THE PROBLEM:
Once the pictures are set aside, transcribe the remaining data exactly.

[EXTRACTED RECORDS — start]

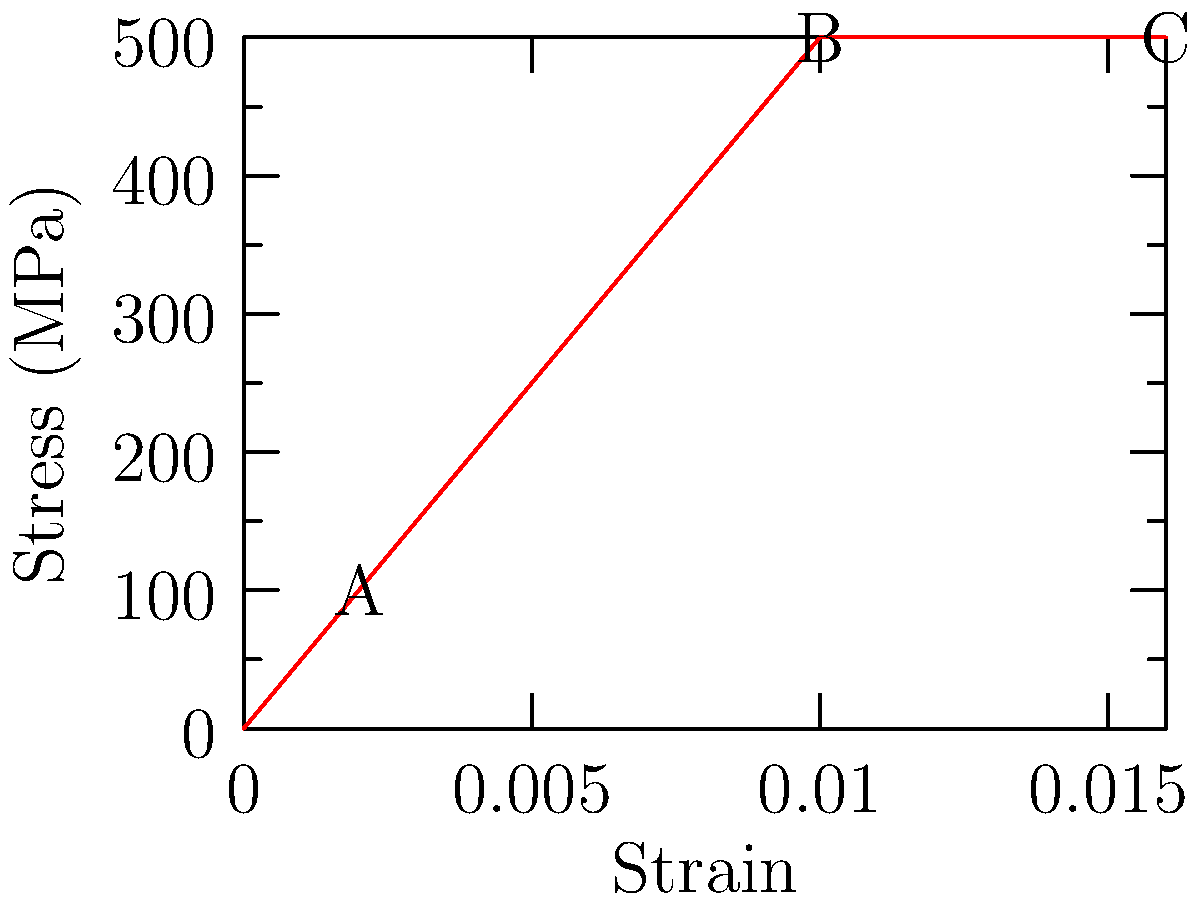In a thrilling action sequence from Nagarjuna's blockbuster movie "Mass," a high-tension cable is used for a daring stunt. The stress-strain curve for the cable material is shown above. If the cable has a cross-sectional area of 100 mm², determine the maximum force it can withstand before permanent deformation occurs. Let's approach this step-by-step, imagining we're designing the perfect stunt for our hero Nagarjuna:

1) First, we need to identify the yield point on the stress-strain curve. This is the point where the material transitions from elastic to plastic deformation. In our graph, this occurs at point B.

2) The stress at point B is 500 MPa. This is the maximum stress the material can withstand before permanent deformation occurs.

3) Recall the formula for stress: $\sigma = \frac{F}{A}$
   Where $\sigma$ is stress, $F$ is force, and $A$ is area.

4) We know $\sigma = 500$ MPa $= 500 \times 10^6$ Pa, and $A = 100$ mm² $= 100 \times 10^{-6}$ m².

5) Rearranging the formula to solve for force: $F = \sigma \times A$

6) Plugging in our values:
   $F = (500 \times 10^6 \text{ Pa}) \times (100 \times 10^{-6} \text{ m}²)$
   $F = 50,000 \text{ N} = 50 \text{ kN}$

Therefore, the maximum force the cable can withstand before permanent deformation is 50 kN, ensuring a safe yet spectacular stunt for our action hero!
Answer: 50 kN

[EXTRACTED RECORDS — finish]

EXPECTED OUTPUT:
In a thrilling action sequence from Nagarjuna's blockbuster movie "Mass," a high-tension cable is used for a daring stunt. The stress-strain curve for the cable material is shown above. If the cable has a cross-sectional area of 100 mm², determine the maximum force it can withstand before permanent deformation occurs. Let's approach this step-by-step, imagining we're designing the perfect stunt for our hero Nagarjuna:

1) First, we need to identify the yield point on the stress-strain curve. This is the point where the material transitions from elastic to plastic deformation. In our graph, this occurs at point B.

2) The stress at point B is 500 MPa. This is the maximum stress the material can withstand before permanent deformation occurs.

3) Recall the formula for stress: $\sigma = \frac{F}{A}$
   Where $\sigma$ is stress, $F$ is force, and $A$ is area.

4) We know $\sigma = 500$ MPa $= 500 \times 10^6$ Pa, and $A = 100$ mm² $= 100 \times 10^{-6}$ m².

5) Rearranging the formula to solve for force: $F = \sigma \times A$

6) Plugging in our values:
   $F = (500 \times 10^6 \text{ Pa}) \times (100 \times 10^{-6} \text{ m}²)$
   $F = 50,000 \text{ N} = 50 \text{ kN}$

Therefore, the maximum force the cable can withstand before permanent deformation is 50 kN, ensuring a safe yet spectacular stunt for our action hero!
Answer: 50 kN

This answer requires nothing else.